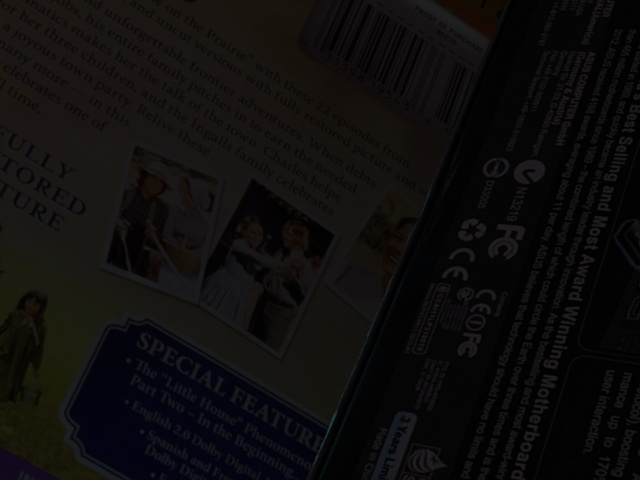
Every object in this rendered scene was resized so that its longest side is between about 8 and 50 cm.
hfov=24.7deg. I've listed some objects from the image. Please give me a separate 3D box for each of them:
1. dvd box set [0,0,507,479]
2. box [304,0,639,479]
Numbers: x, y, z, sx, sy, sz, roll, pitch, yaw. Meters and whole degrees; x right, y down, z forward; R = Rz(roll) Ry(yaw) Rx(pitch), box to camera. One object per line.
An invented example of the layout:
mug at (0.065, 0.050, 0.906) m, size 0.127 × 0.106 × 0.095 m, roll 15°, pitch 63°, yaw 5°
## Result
dvd box set at (-0.097, -0.003, 0.536) m, size 0.308 × 0.420 × 0.062 m, roll 31°, pitch 145°, yaw -15°
box at (0.188, 0.011, 0.387) m, size 0.318 × 0.395 × 0.097 m, roll 7°, pitch 145°, yaw 25°
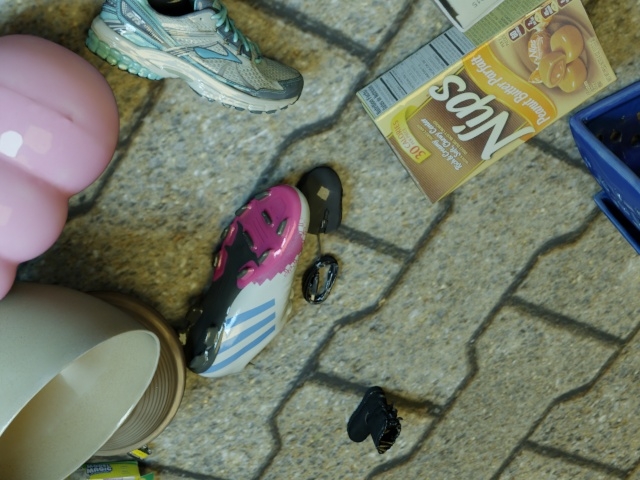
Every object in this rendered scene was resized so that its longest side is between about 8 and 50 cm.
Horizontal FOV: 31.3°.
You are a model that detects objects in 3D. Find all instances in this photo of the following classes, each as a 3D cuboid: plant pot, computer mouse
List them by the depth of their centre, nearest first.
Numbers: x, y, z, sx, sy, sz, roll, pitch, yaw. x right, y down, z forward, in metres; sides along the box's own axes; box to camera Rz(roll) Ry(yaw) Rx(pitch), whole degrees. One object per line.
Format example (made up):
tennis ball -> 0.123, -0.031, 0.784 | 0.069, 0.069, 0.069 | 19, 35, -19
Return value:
plant pot -> -0.366, 0.161, 1.399 | 0.284, 0.191, 0.284 | -44, 161, -20
plant pot -> -0.307, 0.195, 1.577 | 0.237, 0.110, 0.237 | 0, 100, 0
computer mouse -> 0.000, 0.000, 1.665 | 0.071, 0.041, 0.242 | -11, 127, -15
plant pot -> 0.533, -0.097, 1.686 | 0.236, 0.236, 0.212 | -25, 134, -4

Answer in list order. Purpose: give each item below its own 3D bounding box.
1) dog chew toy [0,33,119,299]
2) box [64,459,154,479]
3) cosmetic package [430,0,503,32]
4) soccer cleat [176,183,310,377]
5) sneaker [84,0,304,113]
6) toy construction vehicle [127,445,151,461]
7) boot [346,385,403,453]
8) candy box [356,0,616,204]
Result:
dog chew toy -> -0.371, -0.067, 1.320 | 0.207, 0.207, 0.332 | 31, 77, -34
box -> -0.356, 0.401, 1.804 | 0.179, 0.043, 0.105 | 1, 122, -19
cosmetic package -> 0.116, -0.378, 1.288 | 0.129, 0.296, 0.153 | -39, 126, 9
soccer cleat -> -0.087, 0.060, 1.643 | 0.143, 0.116, 0.331 | 8, 123, -43
sneaker -> -0.136, -0.243, 1.405 | 0.283, 0.110, 0.122 | 13, 114, -28
toy construction vehicle -> -0.288, 0.290, 1.764 | 0.098, 0.035, 0.086 | 34, 117, -32
boot -> 0.089, 0.310, 1.874 | 0.045, 0.099, 0.121 | 11, 118, -25
candy box -> 0.230, -0.213, 1.576 | 0.316, 0.087, 0.183 | -35, 128, 4
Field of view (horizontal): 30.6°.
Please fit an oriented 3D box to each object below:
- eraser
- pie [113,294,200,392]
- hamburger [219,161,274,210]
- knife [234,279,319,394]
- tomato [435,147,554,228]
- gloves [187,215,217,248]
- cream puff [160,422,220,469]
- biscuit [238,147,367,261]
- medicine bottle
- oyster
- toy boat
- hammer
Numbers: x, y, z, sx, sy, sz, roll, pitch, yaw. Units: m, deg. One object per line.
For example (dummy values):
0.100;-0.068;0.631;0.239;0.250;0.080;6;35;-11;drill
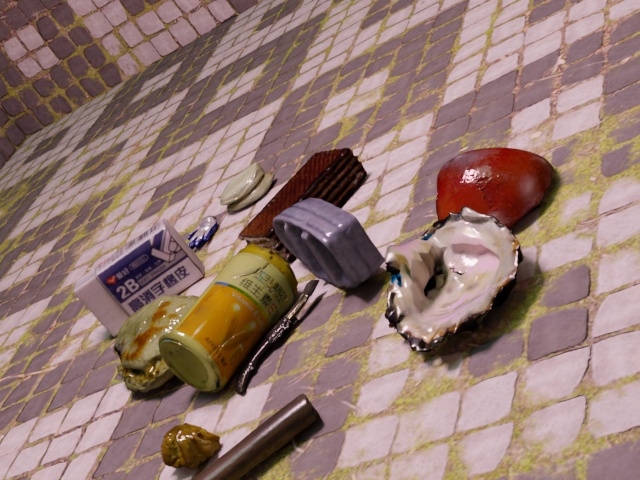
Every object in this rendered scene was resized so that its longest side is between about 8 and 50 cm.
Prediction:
-0.333;0.069;2.152;0.210;0.124;0.068;-35;23;6;eraser
-0.262;0.156;1.924;0.201;0.090;0.248;-47;20;-16;pie
-0.153;-0.097;2.314;0.121;0.054;0.084;-25;29;32;hamburger
-0.067;0.143;1.750;0.045;0.021;0.222;-6;41;53;knife
0.234;-0.087;1.658;0.173;0.099;0.189;-24;24;34;tomato
-0.235;-0.011;2.296;0.064;0.026;0.086;-22;31;36;gloves
-0.183;0.279;1.605;0.083;0.058;0.083;-36;21;-2;cream puff
-0.032;-0.057;2.030;0.252;0.070;0.106;-49;24;-26;biscuit
-0.132;0.112;1.782;0.124;0.124;0.239;-8;35;50;medicine bottle
0.164;0.048;1.523;0.198;0.092;0.259;-37;34;-1;oyster
0.000;0.000;1.794;0.078;0.127;0.283;-40;20;-10;toy boat
-0.181;0.347;1.494;0.440;0.044;0.168;-37;24;-3;hammer
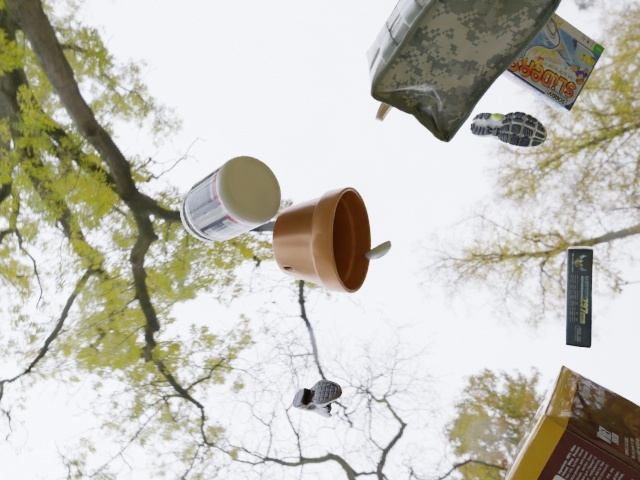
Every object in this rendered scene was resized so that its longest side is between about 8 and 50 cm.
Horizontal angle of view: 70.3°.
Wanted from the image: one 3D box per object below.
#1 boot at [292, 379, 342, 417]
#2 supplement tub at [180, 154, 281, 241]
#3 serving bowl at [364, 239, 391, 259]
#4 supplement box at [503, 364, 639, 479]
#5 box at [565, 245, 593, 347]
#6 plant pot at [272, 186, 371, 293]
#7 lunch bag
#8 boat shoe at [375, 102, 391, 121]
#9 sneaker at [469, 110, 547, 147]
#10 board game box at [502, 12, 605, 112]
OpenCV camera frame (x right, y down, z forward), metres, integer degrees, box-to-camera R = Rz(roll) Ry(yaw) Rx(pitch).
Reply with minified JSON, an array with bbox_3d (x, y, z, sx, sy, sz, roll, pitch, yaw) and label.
[{"bbox_3d":[0.019,0.490,1.401,0.106,0.219,0.082,34,-131,-24],"label":"boot"},{"bbox_3d":[-0.255,-0.106,1.265,0.191,0.272,0.191,13,-111,-38],"label":"supplement tub"},{"bbox_3d":[0.166,0.032,1.276,0.083,0.083,0.027,-19,-107,-36],"label":"serving bowl"},{"bbox_3d":[0.311,0.256,0.471,0.191,0.194,0.129,-3,-63,-57],"label":"supplement box"},{"bbox_3d":[0.640,0.131,1.126,0.183,0.059,0.232,-1,-89,-60],"label":"box"},{"bbox_3d":[0.000,0.000,1.276,0.291,0.204,0.290,-1,-90,-65],"label":"plant pot"},{"bbox_3d":[0.199,-0.328,0.652,0.169,0.287,0.235,27,-146,-16],"label":"lunch bag"},{"bbox_3d":[0.214,-0.396,1.253,0.059,0.170,0.063,35,-155,3],"label":"boat shoe"},{"bbox_3d":[0.629,-0.370,1.501,0.110,0.275,0.106,5,-71,-34],"label":"sneaker"},{"bbox_3d":[0.430,-0.357,0.877,0.201,0.035,0.136,25,-83,-14],"label":"board game box"}]
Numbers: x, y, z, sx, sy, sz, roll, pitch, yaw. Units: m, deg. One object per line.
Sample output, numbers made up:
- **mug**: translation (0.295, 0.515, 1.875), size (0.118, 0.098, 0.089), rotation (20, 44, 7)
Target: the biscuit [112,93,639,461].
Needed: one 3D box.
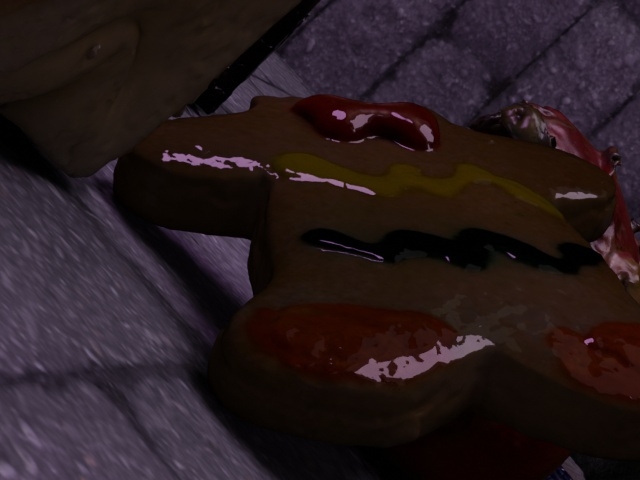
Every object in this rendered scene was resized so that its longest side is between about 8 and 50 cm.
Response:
- **biscuit**: translation (0.056, 0.002, 1.287), size (0.368, 0.076, 0.394), rotation (5, 28, -13)

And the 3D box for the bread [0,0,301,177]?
- **bread**: translation (-0.157, -0.294, 1.182), size (0.371, 0.390, 0.279), rotation (50, 2, 14)

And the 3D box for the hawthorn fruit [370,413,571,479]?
- **hawthorn fruit**: translation (0.109, 0.098, 1.417), size (0.205, 0.205, 0.253), rotation (47, 22, -5)

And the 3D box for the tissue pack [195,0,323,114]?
- **tissue pack**: translation (-0.179, -0.332, 2.024), size (0.370, 0.210, 0.198), rotation (43, 0, -25)

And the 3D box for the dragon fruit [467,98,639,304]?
- **dragon fruit**: translation (0.230, 0.040, 2.004), size (0.263, 0.296, 0.314), rotation (45, 7, 18)

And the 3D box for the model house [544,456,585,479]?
- **model house**: translation (0.158, 0.198, 1.559), size (0.100, 0.088, 0.101), rotation (35, 12, -45)

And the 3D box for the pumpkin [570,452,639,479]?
- **pumpkin**: translation (0.368, 0.217, 1.813), size (0.328, 0.257, 0.292), rotation (55, 43, -42)
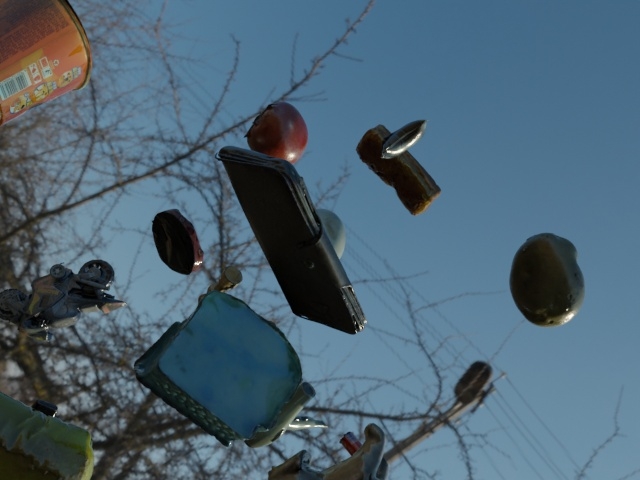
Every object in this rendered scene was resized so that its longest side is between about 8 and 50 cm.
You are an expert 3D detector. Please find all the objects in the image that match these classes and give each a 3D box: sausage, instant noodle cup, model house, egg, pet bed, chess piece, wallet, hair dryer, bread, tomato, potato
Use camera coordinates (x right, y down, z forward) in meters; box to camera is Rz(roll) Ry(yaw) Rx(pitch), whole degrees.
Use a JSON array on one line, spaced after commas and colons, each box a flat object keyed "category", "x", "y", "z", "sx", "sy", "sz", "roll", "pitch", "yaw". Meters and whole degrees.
[{"category": "sausage", "x": 0.107, "y": 0.549, "z": 1.706, "sx": 0.145, "sy": 0.048, "sz": 0.050, "roll": 42, "pitch": -24, "yaw": 41}, {"category": "instant noodle cup", "x": -0.616, "y": -0.362, "z": 1.279, "sx": 0.297, "sy": 0.214, "sz": 0.296, "roll": 25, "pitch": -38, "yaw": 21}, {"category": "model house", "x": -0.216, "y": 0.273, "z": 1.354, "sx": 0.261, "sy": 0.225, "sz": 0.241, "roll": 42, "pitch": -42, "yaw": -13}, {"category": "egg", "x": 0.000, "y": 0.000, "z": 2.013, "sx": 0.151, "sy": 0.151, "sz": 0.209, "roll": 110, "pitch": -16, "yaw": -51}, {"category": "pet bed", "x": -0.402, "y": 0.004, "z": 1.877, "sx": 0.201, "sy": 0.054, "sz": 0.201, "roll": 22, "pitch": -56, "yaw": 37}, {"category": "chess piece", "x": -0.280, "y": 0.138, "z": 1.828, "sx": 0.172, "sy": 0.060, "sz": 0.060, "roll": -43, "pitch": -108, "yaw": 35}, {"category": "wallet", "x": -0.038, "y": 0.010, "z": 0.986, "sx": 0.173, "sy": 0.045, "sz": 0.317, "roll": 19, "pitch": -39, "yaw": 45}, {"category": "hair dryer", "x": -0.044, "y": 0.424, "z": 1.686, "sx": 0.229, "sy": 0.267, "sz": 0.092, "roll": -57, "pitch": -130, "yaw": 37}, {"category": "bread", "x": 0.211, "y": -0.191, "z": 1.879, "sx": 0.271, "sy": 0.077, "sz": 0.139, "roll": 50, "pitch": -31, "yaw": 9}, {"category": "tomato", "x": -0.104, "y": -0.263, "z": 1.692, "sx": 0.167, "sy": 0.167, "sz": 0.167, "roll": 38, "pitch": -40, "yaw": 40}, {"category": "potato", "x": 0.555, "y": 0.096, "z": 1.653, "sx": 0.178, "sy": 0.160, "sz": 0.234, "roll": 5, "pitch": -76, "yaw": 18}, {"category": "bread", "x": -0.521, "y": 0.287, "z": 0.973, "sx": 0.384, "sy": 0.166, "sz": 0.112, "roll": 29, "pitch": -4, "yaw": -7}]

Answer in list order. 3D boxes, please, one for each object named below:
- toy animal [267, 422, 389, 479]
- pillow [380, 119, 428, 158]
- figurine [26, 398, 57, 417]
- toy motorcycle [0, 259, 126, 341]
[{"category": "toy animal", "x": 0.050, "y": 0.340, "z": 0.862, "sx": 0.233, "sy": 0.168, "sz": 0.121, "roll": 29, "pitch": -37, "yaw": 21}, {"category": "pillow", "x": 0.203, "y": -0.245, "z": 1.635, "sx": 0.055, "sy": 0.136, "sz": 0.091, "roll": 58, "pitch": 2, "yaw": 28}, {"category": "figurine", "x": -0.542, "y": 0.409, "z": 1.153, "sx": 0.308, "sy": 0.308, "sz": 0.143, "roll": 44, "pitch": 8, "yaw": 34}, {"category": "toy motorcycle", "x": -0.663, "y": 0.159, "z": 1.716, "sx": 0.108, "sy": 0.308, "sz": 0.173, "roll": 102, "pitch": -34, "yaw": -65}]
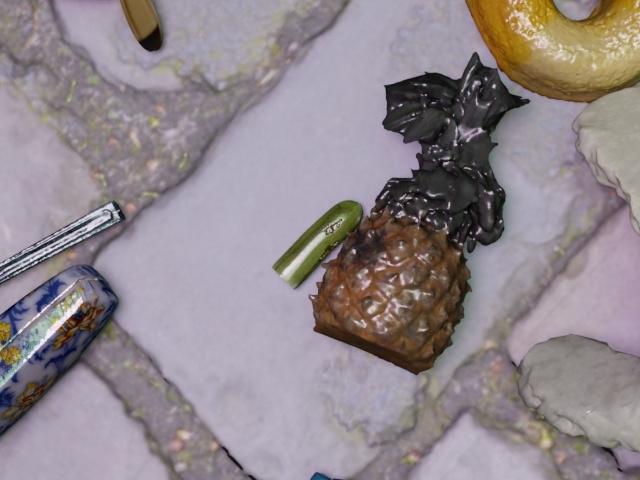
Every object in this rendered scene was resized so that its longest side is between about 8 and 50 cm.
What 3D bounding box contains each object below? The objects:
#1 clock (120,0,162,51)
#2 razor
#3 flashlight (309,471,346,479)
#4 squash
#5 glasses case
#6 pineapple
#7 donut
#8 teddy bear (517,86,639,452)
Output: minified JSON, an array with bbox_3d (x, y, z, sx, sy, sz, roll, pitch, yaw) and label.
[{"bbox_3d":[-0.173,-0.263,1.012,0.170,0.069,0.232,-39,86,0],"label":"clock"},{"bbox_3d":[-0.239,0.024,1.013,0.190,0.033,0.066,-29,85,0],"label":"razor"},{"bbox_3d":[0.048,0.212,0.977,0.129,0.051,0.051,29,88,9],"label":"flashlight"},{"bbox_3d":[0.000,0.000,1.003,0.027,0.027,0.083,44,89,5],"label":"squash"},{"bbox_3d":[-0.256,0.114,0.981,0.248,0.087,0.065,-42,81,0],"label":"glasses case"},{"bbox_3d":[0.079,-0.026,0.961,0.111,0.119,0.237,17,81,48],"label":"pineapple"},{"bbox_3d":[0.194,-0.203,0.983,0.174,0.074,0.190,-5,86,3],"label":"donut"},{"bbox_3d":[0.309,0.128,0.941,0.328,0.375,0.362,-5,127,3],"label":"teddy bear"}]
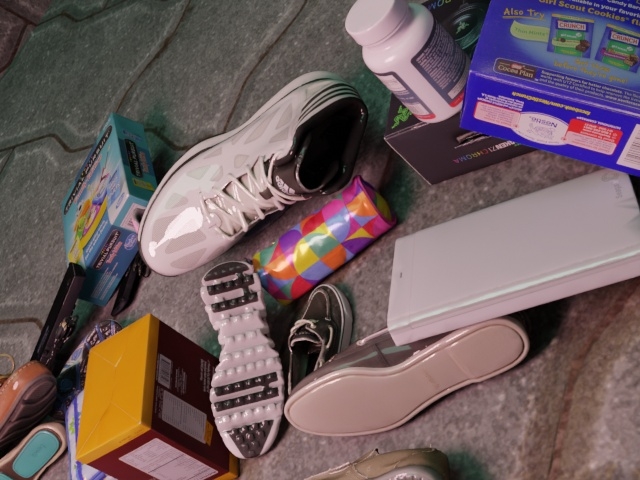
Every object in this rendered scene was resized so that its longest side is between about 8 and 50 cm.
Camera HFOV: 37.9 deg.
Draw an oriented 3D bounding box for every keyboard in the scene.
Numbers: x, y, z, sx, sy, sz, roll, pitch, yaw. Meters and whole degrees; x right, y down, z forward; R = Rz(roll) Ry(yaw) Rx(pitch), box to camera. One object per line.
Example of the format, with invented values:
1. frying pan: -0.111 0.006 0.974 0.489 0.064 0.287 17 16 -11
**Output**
1. keyboard: -0.502 0.203 1.735 0.317 0.033 0.201 -67 22 8
2. keyboard: -0.352 0.055 1.808 0.100 0.038 0.192 -42 30 51

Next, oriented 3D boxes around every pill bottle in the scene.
1. pill bottle: 0.119 -0.248 1.229 0.108 0.180 0.108 -27 43 28

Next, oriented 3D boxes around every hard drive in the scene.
1. hard drive: 0.234 0.014 1.127 0.307 0.040 0.203 -20 28 20

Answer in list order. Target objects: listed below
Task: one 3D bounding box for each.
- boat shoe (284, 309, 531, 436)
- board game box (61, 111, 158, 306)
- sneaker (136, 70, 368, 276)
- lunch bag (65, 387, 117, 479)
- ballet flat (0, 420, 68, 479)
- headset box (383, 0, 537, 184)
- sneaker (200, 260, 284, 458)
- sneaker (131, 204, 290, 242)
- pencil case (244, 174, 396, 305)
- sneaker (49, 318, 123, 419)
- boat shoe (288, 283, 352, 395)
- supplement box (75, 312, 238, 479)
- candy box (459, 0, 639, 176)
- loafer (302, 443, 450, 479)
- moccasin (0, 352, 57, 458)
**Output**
1. boat shoe: 0.109 0.154 1.178 0.335 0.112 0.095 -25 25 21
2. board game box: -0.432 -0.070 1.895 0.254 0.079 0.336 -55 33 21
3. sneaker: -0.110 -0.093 1.445 0.447 0.169 0.257 -42 17 2
4. lunch bag: -0.332 0.307 1.506 0.176 0.090 0.219 -42 36 15
5. ballet flat: -0.532 0.404 1.648 0.248 0.086 0.086 -41 37 9
6. headset box: 0.237 -0.240 1.361 0.246 0.131 0.283 -17 48 37
7. sneaker: -0.107 0.180 1.381 0.110 0.118 0.292 -8 65 2
8. sneaker: -0.191 -0.059 1.643 0.319 0.131 0.112 -27 42 21
9. pencil case: 0.000 0.000 1.426 0.236 0.104 0.104 -35 39 17
10. sneaker: -0.420 0.234 1.689 0.211 0.080 0.081 -53 9 0
11. boat shoe: -0.005 0.144 1.323 0.078 0.070 0.219 -26 42 29
12. supplement box: -0.230 0.249 1.358 0.129 0.194 0.191 -31 40 24
13. candy box: 0.340 -0.256 1.151 0.268 0.122 0.317 17 63 9
14. loafer: 0.057 0.306 1.117 0.251 0.094 0.087 -22 10 35
15. moccasin: -0.574 0.293 1.641 0.139 0.147 0.380 -30 -6 -39

━━━━━━━━

In the material above, how many lines contain "down"? Reply with only the number.

5